> _What is needed_: Where in the data below does the word "units" appear? Copy every line that has it.
── Records to process
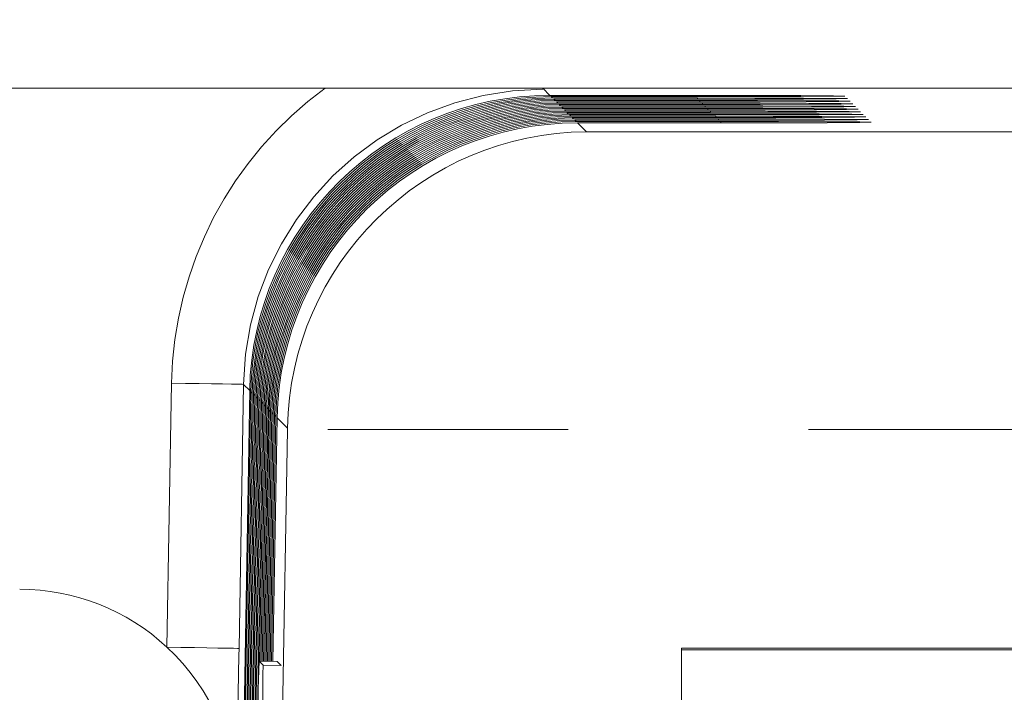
# Model space of a CAD drawing. Header units: inches. Extents: x 0.8 to 33.2, y 0.3 to 21.8.
# Tile 11 of 52: x 7.02 to 7.429, y 8.03 to 8.31. Entities that reach past the tile are written whole.
import ezdxf

# ---------------------------------------------------------------- set-up
doc = ezdxf.new("R2010")
doc.units = ezdxf.units.IN
doc.header["$MEASUREMENT"] = 0
doc.linetypes.add('PHANTOM', pattern=[0.5, 0.25, -0.05, 0.05, -0.05, 0.05, -0.05])
doc.styles.add('SLDTEXTSTYLE0', font='TXT', dxfattribs={"width": 0.75})
doc.dimstyles.new('SLDDIMSTYLE0', dxfattribs={"dimtxt": 0.12, "dimasz": 0.18, "dimexe": 0, "dimexo": 0.0625, "dimgap": 0.03, "dimtad": 0, "dimtih": 1, "dimtoh": 1, "dimrnd": 1e-09, "dimzin": 12, "dimdsep": 46, "dimtxsty": 'SLDTEXTSTYLE0', "dimsah": 1, "dimcen": 0.09, "dimadec": 0, "dimazin": 0, "dimtfac": 1, "dimtofl": 0, "dimtmove": 0, "dimatfit": 3, "dimfxl": 1, "dimtolj": 1, "dimtzin": 12, "dimarcsym": 0})
doc.dimstyles.new('SLDDIMSTYLE1', dxfattribs={"dimtxt": 0.12, "dimasz": 0.18, "dimexe": 0, "dimexo": 0.0625, "dimgap": 0.03, "dimtad": 0, "dimtih": 1, "dimtoh": 1, "dimrnd": 1e-09, "dimzin": 12, "dimdsep": 46, "dimtxsty": 'SLDTEXTSTYLE0', "dimsah": 1, "dimcen": 0.09, "dimadec": 0, "dimazin": 0, "dimtfac": 1, "dimtofl": 0, "dimtmove": 0, "dimatfit": 3, "dimfxl": 1, "dimtolj": 1, "dimtzin": 12, "dimarcsym": 0})

# ---------------------------------------------------------------- blocks, each defined once
blk = doc.blocks.new('*D7')
at = {"color": 7, "linetype": 'Continuous', "lineweight": 0}
for p, q in [((6.93937, 8.02396), (6.93937, 9.35946)), ((12.28937, 8.02396), (12.28937, 9.35946)), ((9.52136, 9.32029), (9.52136, 9.15863)), ((9.52136, 9.32029), (9.5457, 9.32029)), ((10.01749, 9.32029), (9.99315, 9.32029)), ((10.01749, 9.32029), (10.01749, 9.15863)), ((6.93937, 9.23946), (9.07573, 9.23946)), ((12.28937, 9.23946), (10.15301, 9.23946)), ((9.52136, 9.15863), (9.5457, 9.15863)), ((10.01749, 9.15863), (9.99315, 9.15863))]:
    blk.add_line(p, q, dxfattribs=at)
for points in [[(6.93937, 9.23946), (7.11937, 9.20821), (7.11937, 9.27071)], [(12.28937, 9.23946), (12.10937, 9.27071), (12.10937, 9.20821)]]:
    blk.add_solid(points, dxfattribs=at)
at = {"color": 7, "linetype": 'Continuous', "lineweight": 0, "char_height": 0.12, "attachment_point": 1, "style": 'SLDTEXTSTYLE0'}
for s, insert in [('5.35', (9.16257, 9.29905)), ('135.9', (9.57004, 9.29905))]:
    blk.add_mtext(s, dxfattribs=dict(at, insert=insert))
blk = doc.blocks.new('*D8')
at = {"color": 7, "linetype": 'Continuous', "lineweight": 0}
for p, q in [((6.74937, 8.34146), (6.74937, 9.60191)), ((6.93937, 8.02396), (6.93937, 9.60191)), ((5.14069, 9.56275), (5.14069, 9.40108)), ((5.14069, 9.56275), (5.16503, 9.56275)), ((5.45951, 9.56275), (5.43517, 9.56275)), ((5.45951, 9.56275), (5.45951, 9.40108)), ((6.74937, 9.48191), (5.59503, 9.48191)), ((6.93937, 9.48191), (7.23937, 9.48191)), ((5.14069, 9.40108), (5.16503, 9.40108)), ((5.45951, 9.40108), (5.43517, 9.40108))]:
    blk.add_line(p, q, dxfattribs=at)
for points in [[(6.74937, 9.48191), (6.56937, 9.51316), (6.56937, 9.45066)], [(6.93937, 9.48191), (7.11937, 9.45066), (7.11937, 9.51316)]]:
    blk.add_solid(points, dxfattribs=at)
at = {"color": 7, "linetype": 'Continuous', "lineweight": 0, "char_height": 0.12, "attachment_point": 1, "style": 'SLDTEXTSTYLE0'}
for s, insert in [('.19', (4.87054, 9.5415)), ('4.8', (5.18937, 9.5415))]:
    blk.add_mtext(s, dxfattribs=dict(at, insert=insert))

msp = doc.modelspace()

# ---------------------------------------------------------------- linework, layer by layer
at = {"color": 7, "linetype": 'Continuous', "lineweight": 15}
for p, q in [((7.14669, 8.28146), (6.79481, 8.28146)), ((11.99153, 8.28146), (7.23721, 8.28146)), ((7.30048, 8.27846), (7.24021, 8.27846)), ((9.02389, 8.28146), (7.24245, 8.28146)), ((7.24075, 8.27791), (7.30048, 8.27791)), ((7.30157, 8.27737), (7.2413, 8.27737)), ((7.24184, 8.27682), (7.30157, 8.27682)), ((7.30266, 8.27627), (7.24239, 8.27627)), ((7.24293, 8.27573), (7.30266, 8.27573)), ((7.30375, 8.27518), (7.24348, 8.27518)), ((7.24402, 8.27464), (7.30375, 8.27464)), ((7.30484, 8.27409), (7.24457, 8.27409)), ((7.24511, 8.27355), (7.30484, 8.27355)), ((7.30593, 8.273), (7.24566, 8.273)), ((7.2462, 8.27246), (7.30593, 8.27246)), ((7.30702, 8.27191), (7.24675, 8.27191)), ((7.2473, 8.27137), (7.30702, 8.27137)), ((7.30811, 8.27082), (7.24784, 8.27082)), ((7.24839, 8.27028), (7.30811, 8.27028)), ((7.3092, 8.26973), (7.24893, 8.26973)), ((7.24948, 8.26918), (7.3092, 8.26918)), ((7.3103, 8.26864), (7.25002, 8.26864)), ((7.25057, 8.26809), (7.3103, 8.26809)), ((7.31139, 8.26755), (7.25111, 8.26755)), ((7.25166, 8.267), (7.31139, 8.267)), ((7.09304, 6.87877), (7.11523, 8.15563)), ((7.11576, 8.1551), (7.09338, 6.87844)), ((7.10649, 7.58859), (7.11632, 8.15454)), ((7.11685, 8.15401), (7.11133, 7.83897)), ((7.11195, 7.83896), (7.11741, 8.15345)), ((7.11794, 8.15292), (7.11244, 7.83895)), ((7.11306, 7.83894), (7.1185, 8.15236)), ((7.11903, 8.15183), (7.11355, 7.83893)), ((7.11528, 7.90292), (7.1196, 8.15127)), ((7.12012, 8.15074), (7.11578, 7.90291)), ((7.11753, 7.96854), (7.12069, 8.15018)), ((7.12121, 8.14965), (7.11934, 8.0429)), ((7.11993, 8.04289), (7.12178, 8.14908)), ((7.1223, 8.14856), (7.12045, 8.04288)), ((7.12104, 8.04287), (7.12287, 8.14799)), ((7.12339, 8.14747), (7.12156, 8.04286)), ((7.12215, 8.04285), (7.12396, 8.1469)), ((7.12449, 8.14638), (7.12267, 8.04284)), ((7.12326, 8.04283), (7.12505, 8.14581)), ((7.12558, 8.14529), (7.12378, 8.04282)), ((7.12437, 8.04281), (7.12614, 8.14472)), ((7.12667, 8.14419), (7.12489, 8.0428)), ((7.13094, 8.13937), (7.09886, 6.29541)), ((7.13094, 8.13937), (7.13095, 8.13991)), ((8.54998, 8.04837), (7.29498, 8.04837)), ((7.29498, 8.04837), (7.29498, 7.48839)), ((8.54998, 8.04767), (7.29498, 8.04767)), ((7.12078, 8.04127), (7.11915, 8.0429)), ((7.11915, 8.0429), (7.12665, 8.04277)), ((7.12828, 8.04114), (7.12665, 8.04277))]:
    msp.add_line(p, q, dxfattribs=at)
at = {"color": 7, "linetype": 'PHANTOM', "lineweight": 0}
for p, q in [((7.23721, 8.28146), (7.24021, 8.27846)), ((7.30048, 8.27791), (7.30048, 8.27846)), ((7.24075, 8.27791), (7.2413, 8.27737)), ((7.24184, 8.27682), (7.24239, 8.27627)), ((7.24293, 8.27573), (7.24348, 8.27518)), ((7.24402, 8.27464), (7.24457, 8.27409)), ((7.30157, 8.27682), (7.30157, 8.27737)), ((7.30266, 8.27573), (7.30266, 8.27627)), ((7.30375, 8.27464), (7.30375, 8.27518)), ((7.24511, 8.27355), (7.24566, 8.273)), ((7.2462, 8.27246), (7.24675, 8.27191)), ((7.2473, 8.27137), (7.24784, 8.27082)), ((7.24839, 8.27028), (7.24893, 8.26973)), ((7.30484, 8.27355), (7.30484, 8.27409)), ((7.30593, 8.27246), (7.30593, 8.273)), ((7.30702, 8.27137), (7.30702, 8.27191)), ((7.30811, 8.27028), (7.30811, 8.27082)), ((7.24948, 8.26918), (7.25002, 8.26864)), ((7.25057, 8.26809), (7.25111, 8.26755)), ((7.25166, 8.267), (7.25539, 8.26328)), ((7.3092, 8.26918), (7.3092, 8.26973)), ((7.3103, 8.26809), (7.3103, 8.26864)), ((7.31139, 8.267), (7.31139, 8.26755)), ((7.25539, 8.26328), (11.97335, 8.26328)), ((7.08079, 8.04876), (7.08271, 8.15868)), ((7.1127, 8.15816), (7.11079, 8.04824)), ((7.11523, 8.15563), (7.1127, 8.15816)), ((7.11632, 8.15454), (7.11576, 8.1551)), ((7.11741, 8.15345), (7.11685, 8.15401)), ((7.1185, 8.15236), (7.11794, 8.15292)), ((7.1196, 8.15127), (7.11903, 8.15183)), ((7.12069, 8.15018), (7.12012, 8.15074)), ((7.12178, 8.14908), (7.12121, 8.14965)), ((7.12287, 8.14799), (7.1223, 8.14856)), ((7.12396, 8.1469), (7.12339, 8.14747)), ((7.12505, 8.14581), (7.12449, 8.14638)), ((7.12614, 8.14472), (7.12558, 8.14529)), ((7.13095, 8.13991), (7.12667, 8.14419)), ((12.09779, 8.13937), (7.13094, 8.13937)), ((7.12078, 8.04127), (7.12828, 8.04114))]:
    msp.add_line(p, q, dxfattribs=at)
at = {"color": 7, "linetype": 'Continuous', "lineweight": 15, "flags": 128}
for points in [[(7.30048, 8.27791), (7.3244, 8.27793), (7.34467, 8.27799), (7.35822, 8.27808), (7.36298, 8.27818), (7.35822, 8.27829), (7.34467, 8.27838), (7.3244, 8.27844), (7.30048, 8.27846)], [(7.30157, 8.27682), (7.32549, 8.27684), (7.34576, 8.2769), (7.35931, 8.27699), (7.36407, 8.27709), (7.35931, 8.2772), (7.34576, 8.27729), (7.32549, 8.27734), (7.30157, 8.27737)], [(7.30266, 8.27573), (7.32658, 8.27575), (7.34685, 8.27581), (7.3604, 8.2759), (7.36516, 8.276), (7.3604, 8.27611), (7.34685, 8.27619), (7.32658, 8.27625), (7.30266, 8.27627)], [(7.30375, 8.27464), (7.32767, 8.27466), (7.34794, 8.27472), (7.36149, 8.27481), (7.36625, 8.27491), (7.36149, 8.27502), (7.34794, 8.2751), (7.32767, 8.27516), (7.30375, 8.27518)], [(7.30484, 8.27355), (7.32876, 8.27357), (7.34904, 8.27363), (7.36258, 8.27372), (7.36734, 8.27382), (7.36258, 8.27392), (7.34904, 8.27401), (7.32876, 8.27407), (7.30484, 8.27409)], [(7.30593, 8.27246), (7.32985, 8.27248), (7.35013, 8.27254), (7.36367, 8.27263), (7.36843, 8.27273), (7.36367, 8.27283), (7.35013, 8.27292), (7.32985, 8.27298), (7.30593, 8.273)], [(7.30702, 8.27137), (7.33094, 8.27139), (7.35122, 8.27145), (7.36477, 8.27153), (7.36952, 8.27164), (7.36477, 8.27174), (7.35122, 8.27183), (7.33094, 8.27189), (7.30702, 8.27191)], [(7.30811, 8.27028), (7.33203, 8.2703), (7.35231, 8.27035), (7.36586, 8.27044), (7.37061, 8.27055), (7.36586, 8.27065), (7.35231, 8.27074), (7.33203, 8.2708), (7.30811, 8.27082)], [(7.3092, 8.26918), (7.33312, 8.26921), (7.3534, 8.26926), (7.36695, 8.26935), (7.37171, 8.26946), (7.36695, 8.26956), (7.3534, 8.26965), (7.33312, 8.26971), (7.3092, 8.26973)], [(7.3103, 8.26809), (7.33421, 8.26811), (7.35449, 8.26817), (7.36804, 8.26826), (7.3728, 8.26837), (7.36804, 8.26847), (7.35449, 8.26856), (7.33421, 8.26862), (7.3103, 8.26864)], [(7.31139, 8.267), (7.3353, 8.26702), (7.35558, 8.26708), (7.36913, 8.26717), (7.37389, 8.26728), (7.36913, 8.26738), (7.35558, 8.26747), (7.3353, 8.26753), (7.31139, 8.26755)]]:
    msp.add_lwpolyline(points, dxfattribs=at)
at = {"color": 7, "linetype": 'PHANTOM', "lineweight": 0, "flags": 128}
for points in [[(7.08271, 8.15868), (7.08855, 8.15858), (7.09416, 8.15848), (7.09933, 8.15839), (7.10387, 8.15831), (7.1076, 8.15825), (7.11038, 8.1582), (7.11211, 8.15817), (7.1127, 8.15816)], [(7.08079, 8.04876), (7.08663, 8.04866), (7.09224, 8.04856), (7.09742, 8.04847), (7.10196, 8.04839), (7.10569, 8.04833), (7.10847, 8.04828), (7.11019, 8.04825), (7.11079, 8.04824)]]:
    msp.add_lwpolyline(points, dxfattribs=at)
at = {"color": 7, "linetype": 'Continuous', "lineweight": 15}
for centre, radius, start, end in [((7.0195, 7.98286), 0.09, 47.0772, 90), ((7.0195, 7.98286), 0.09, 359.0011, 47.0772), ((10.58233, 7.93589), 3.46484, 178.2301, 179.2592), ((3.54894, 8.05644), 3.57187, 358.74977, 359.75664)]:
    msp.add_arc(centre, radius, start, end, dxfattribs=at)
at = {"color": 7, "linetype": 'PHANTOM', "lineweight": 0}
for major_axis, ratio, start_param, end_param in [((-0.1096, 0.1096), 0.999981, 6.125211, 7.05114), ((0.08839, -0.08839), 0.999972, 2.360039, 3.909547)]:
    msp.add_ellipse((7.23769, 8.15597), major_axis=major_axis, ratio=ratio, start_param=start_param, end_param=end_param, dxfattribs=at)
at = {"color": 7, "linetype": 'Continuous', "lineweight": 15}
for centre, major_axis, ratio, start_param, end_param in [((7.24021, 8.15345), (-0.05591, 0.11181), 0.999905, 5.819565, 7.372908), ((7.24074, 8.15292), (0.11796, 0.04138), 0.999878, 1.233402, 2.786745), ((7.24131, 8.15236), (-0.05591, 0.11181), 0.999905, 5.819565, 7.372908), ((7.24183, 8.15183), (0.11796, 0.04138), 0.999878, 1.233402, 2.786745), ((7.2424, 8.15127), (-0.05591, 0.11181), 0.999905, 5.819565, 7.372908), ((7.24292, 8.15074), (0.11796, 0.04138), 0.999878, 1.233402, 2.786745), ((7.24349, 8.15018), (-0.05591, 0.11181), 0.999905, 5.819565, 7.372908), ((7.24401, 8.14965), (0.11796, 0.04138), 0.999878, 1.233402, 2.786745), ((7.24458, 8.14908), (-0.05591, 0.11181), 0.999905, 5.819565, 7.372908), ((7.2451, 8.14856), (0.11796, 0.04138), 0.999878, 1.233402, 2.786745), ((7.24567, 8.14799), (-0.05591, 0.11181), 0.999905, 5.819565, 7.372908), ((7.2462, 8.14747), (0.11796, 0.04138), 0.999878, 1.233402, 2.786745), ((7.24676, 8.1469), (-0.05591, 0.11181), 0.999905, 5.819565, 7.372908), ((7.24729, 8.14638), (0.11796, 0.04138), 0.999878, 1.233402, 2.786745), ((7.24785, 8.14581), (-0.05591, 0.11181), 0.999905, 5.819565, 7.372908), ((7.24838, 8.14529), (0.11796, 0.04138), 0.999878, 1.233402, 2.786745), ((7.24894, 8.14472), (-0.05591, 0.11181), 0.999905, 5.819565, 7.372908), ((7.24947, 8.14419), (0.11796, 0.04138), 0.999878, 1.233402, 2.786745), ((7.25003, 8.14363), (-0.05591, 0.11181), 0.999905, 5.819565, 7.372908), ((7.25056, 8.1431), (0.11796, 0.04138), 0.999878, 1.233402, 2.786745), ((7.25112, 8.14254), (-0.05591, 0.11181), 0.999905, 5.819565, 7.372908), ((7.25165, 8.14201), (0.11796, 0.04138), 0.999878, 1.233402, 2.786745), ((7.25539, 8.13828), (0.04788, 0.11559), 0.993848, 0.394886, 1.948229)]:
    msp.add_ellipse(centre, major_axis=major_axis, ratio=ratio, start_param=start_param, end_param=end_param, dxfattribs=at)
for points, knots in [([(7.14669, 8.28146), (7.1599, 8.28146), (7.1822, 8.28146), (7.21104, 8.28146), (7.22849, 8.28146), (7.23721, 8.28146)], [0, 0, 0, 0, 0.420777, 0.710561, 1, 1, 1, 1]), ([(7.11079, 8.04824), (7.11079, 8.04819), (7.11066, 8.04106), (7.11025, 8.01832), (7.10982, 7.99741), (7.10953, 7.98304), (7.10949, 7.98137), (7.10949, 7.98129)], [0, 0, 0, 0, 0.001741, 0.288329, 0.917542, 0.995861, 1, 1, 1, 1])]:
    msp.add_open_spline(points, degree=3, knots=knots, dxfattribs=at)
msp.add_open_spline([(7.23721, 8.28146), (7.23721, 8.28098)], degree=1, dxfattribs=at)

# ---------------------------------------------------------------- dimensions: what is measured, and where the dimension line sits
at = {"color": 7, "linetype": 'Continuous', "lineweight": 0}
for base, p2, dimstyle, picture, middle in [((6.74937, 9.48191), (6.74937, 8.28146), 'SLDDIMSTYLE0', '*D8', (5.18937, 9.48191)), ((12.28937, 9.23946), (12.28937, 7.96396), 'SLDDIMSTYLE1', '*D7', (9.61437, 9.23946))]:
    dim = msp.add_linear_dim(base=base, p1=(6.93937, 7.96396), p2=p2, dimstyle=dimstyle, dxfattribs=at)
    dim.commit()
    dim.dimension.update_dxf_attribs({"geometry": picture, "text_midpoint": middle, "dimtype": 160})

doc.saveas('drawing.dxf')
────
> _Result_:
# Model space of a CAD drawing. Header units: inches. Extents: x 0.8 to 33.2, y 0.3 to 21.8.
doc.units = ezdxf.units.IN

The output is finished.